Tuesday, October 26, 2010

Are Your Cookbooks Making You Fat?

As my high school social studies teacher used to say, You bet your sweet bip.

In the Pinch kitchen, food has a triple mandate: healthy, delicious, and family friendly. Everything cooked here has to be a ten in each category, or it doesn't get made. The average cookbook has a taste mandate. Food will taste great, but it may take you awhile to produce, and it's going to contain unhealthy fats, excessive calories, and probably too much sugar or salt.

It goes the other way, too. If health is your priority, your food will meet different criteria, umami not among them. Plus, vegetarian fare can be loaded with saturated fat.

Concerned your cookbooks are adding to the girth of your sweet bip? Here's what you should look out for:

What cut? - You don't have to limit animal protein in your diet to eat a heart healthy diet. You just have to choose your cuts carefully. Leg of lamb is very lean, compared to chops or shoulder. Flank steak trumps skirt steak, and ground beef comes in a variety of leanness. It's no surprise that for poultry, white meat trumps dark. Pork loin and tenderloin beat everything else porcine. One reason I love Trader Joe's is that I can check the nutrition data on meat.

Trim the fat/Drain the fat - This is a hugely important step in lowering the unhealthy and unnecessary fats in your diet. Leg of lamb, which starts lean, should still spend some time under the knife before it's cooked. Unwrap the whole thing, separating it in its natural places and cut out everything white and unsightly. You can then tie it back up with butcher's twine (but not before adding some rosemary, salt and feta, or maybe a smidge of Gorgonzola), or leave it butterflied since it grills up so quickly.

Bacon has tremendous flavor - go ahead and use it sparingly (like use a slice or two) and trim the heck out of it, discarding all the bits that are white or translucent. And drain it after cooking. Same goes for the ground beef used for tacos. Start with a 96/4 (superlean) ground beef. After you brown it, drain it. The purpose is twofold here - you don't want wet meat in a taco shell, and following this step removes even more of the fat. Especially in this case where there is so many flavors (cumin! chili! jalapeño! lime! avocado!) the extra fat is not going to bring anything to the table.

Too much of a good thing - Olive oil is a wonderful thing but don't be mislead: like all oils it is 100% fat. One tablespoon contains over 100 calories. Let 3 T be the maximum addition of oil into anything you make - sauces, dressings, etc.

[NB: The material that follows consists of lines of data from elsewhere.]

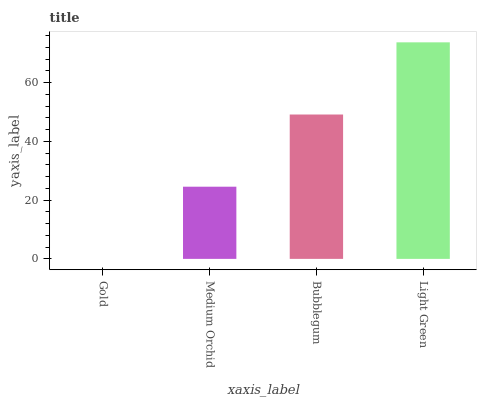Is Gold the minimum?
Answer yes or no. Yes. Is Light Green the maximum?
Answer yes or no. Yes. Is Medium Orchid the minimum?
Answer yes or no. No. Is Medium Orchid the maximum?
Answer yes or no. No. Is Medium Orchid greater than Gold?
Answer yes or no. Yes. Is Gold less than Medium Orchid?
Answer yes or no. Yes. Is Gold greater than Medium Orchid?
Answer yes or no. No. Is Medium Orchid less than Gold?
Answer yes or no. No. Is Bubblegum the high median?
Answer yes or no. Yes. Is Medium Orchid the low median?
Answer yes or no. Yes. Is Light Green the high median?
Answer yes or no. No. Is Light Green the low median?
Answer yes or no. No. 
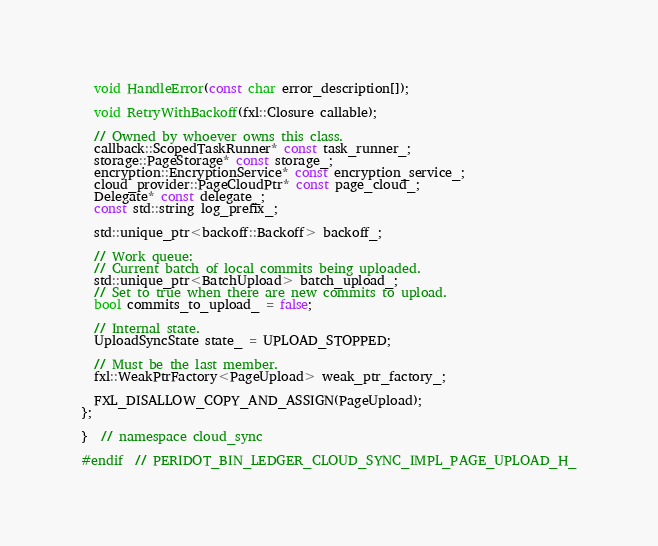Convert code to text. <code><loc_0><loc_0><loc_500><loc_500><_C_>  void HandleError(const char error_description[]);

  void RetryWithBackoff(fxl::Closure callable);

  // Owned by whoever owns this class.
  callback::ScopedTaskRunner* const task_runner_;
  storage::PageStorage* const storage_;
  encryption::EncryptionService* const encryption_service_;
  cloud_provider::PageCloudPtr* const page_cloud_;
  Delegate* const delegate_;
  const std::string log_prefix_;

  std::unique_ptr<backoff::Backoff> backoff_;

  // Work queue:
  // Current batch of local commits being uploaded.
  std::unique_ptr<BatchUpload> batch_upload_;
  // Set to true when there are new commits to upload.
  bool commits_to_upload_ = false;

  // Internal state.
  UploadSyncState state_ = UPLOAD_STOPPED;

  // Must be the last member.
  fxl::WeakPtrFactory<PageUpload> weak_ptr_factory_;

  FXL_DISALLOW_COPY_AND_ASSIGN(PageUpload);
};

}  // namespace cloud_sync

#endif  // PERIDOT_BIN_LEDGER_CLOUD_SYNC_IMPL_PAGE_UPLOAD_H_
</code> 
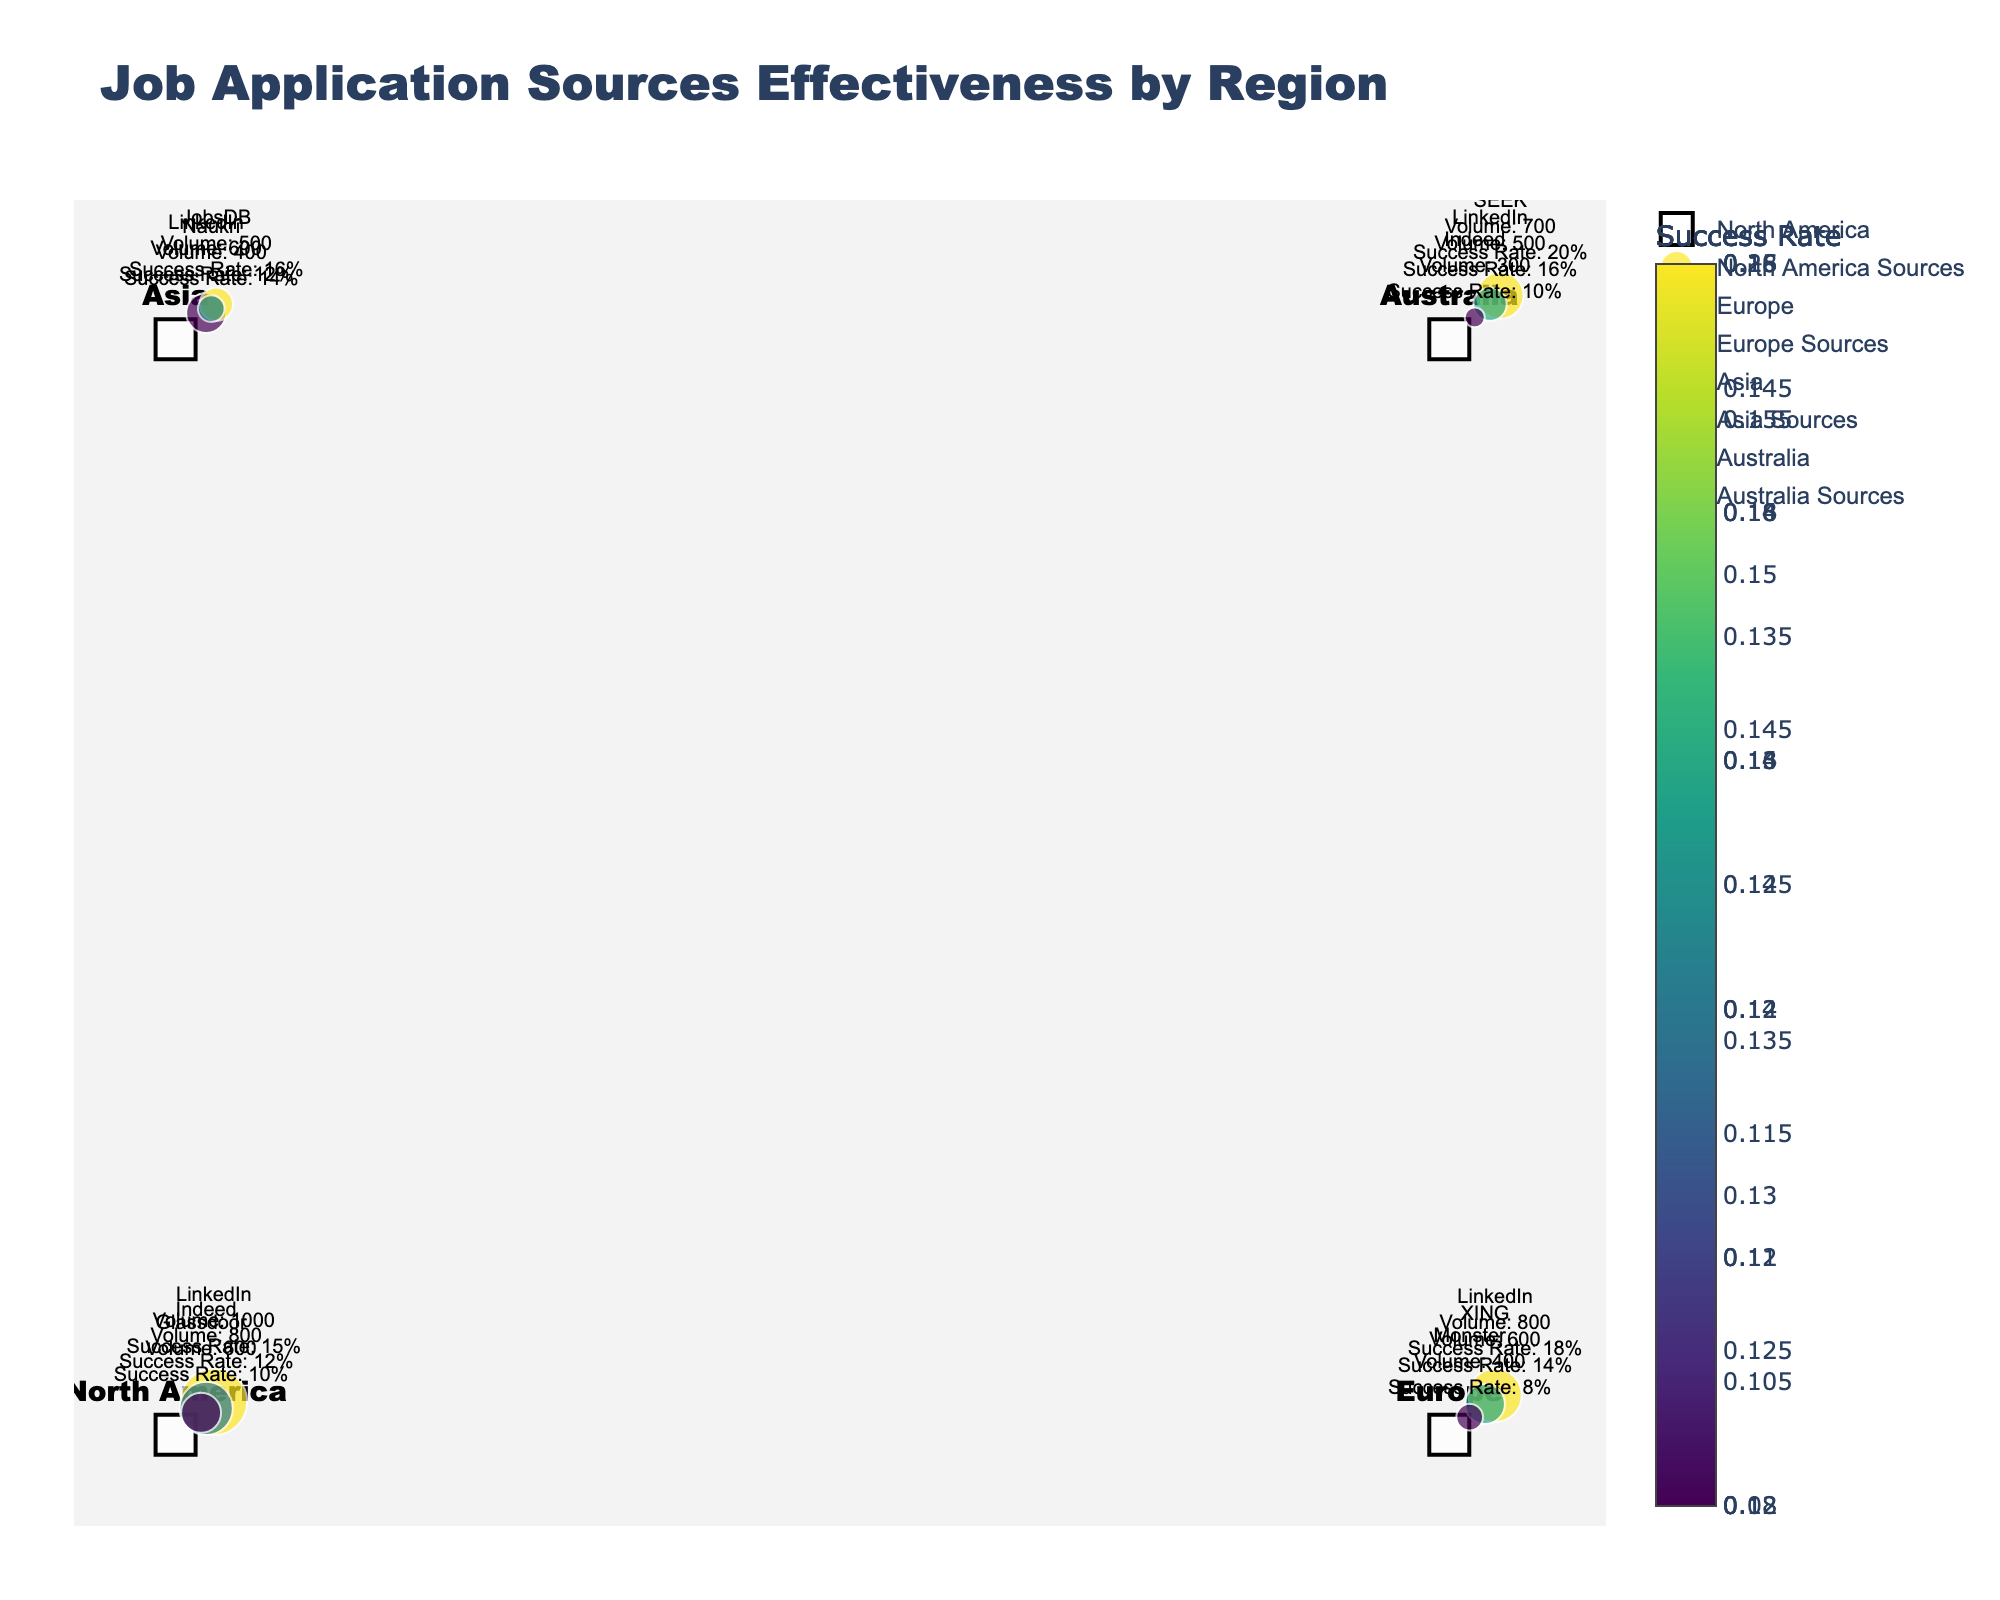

Oils are shifty when exposed to heat, meaning they become harmful ingredients. Instead of following a recipe that directs you to saute some garlic in a cup of olive oil (that's sixteen tablespoons - you do the calorie math), do this: use a scant bit of oil - like 1-2 tablespoons, or saute in an oil with a higher smoke point, like canola or safflower oil, and add a tablespoon of olive oil to the sauce at the end of cooking. It will give your sauce a velvety smooth finish, not unlike the beurre monté championed by the French.

Further, all oils are not created equally. Canola and walnut oils win bonus points for being exceptionally low in saturated fat. Any pan frying you can't talk yourself out of should be done in canola.

Removing skin from poultry before cooking. Chicken breasts are most lean when the skin is removed. That means cooking them without the skin. Don't worry about losing moisture. Sure, if you overcook it a turkey or chicken breast will dry out, but that will happen with the skin on too. A marinades will help with moisture, and allow you to control the fat content. I never cook a chicken breast that didn't get at least 20 minutes in a basic olive oil/tamari marinade). I take the skin off turkey too, whole and split breasts. If  you're especially anxious about not overdoing a turkey breast simply cover the breast with an broth- or olive oil-soaked cheesecloth. For weeknight turkey meals,  just rub the surface with a little olive oil and few shakes of salt and pepper or a blended seasoning like the Spice House's Milwaukee Iron.

Cheese - if you're using more than one ounce of cheese per person in a given dish, then that recipe gets low points on the health scale. One ounce is not a lot. Cheese should absolutely be enjoyed - just enjoy it sparingly. I prefer to forgo dairy where it's not needed (like on those tacos) and instead enjoy a selection of the world's finest as a cheese course now and then.

Butter - At best, you can make substitutions, or at least compromise with a blend of butter and olive oil.

Cream - Please. Only the truly disciplined have read this far, and the truly discipled aren't cooking with cream.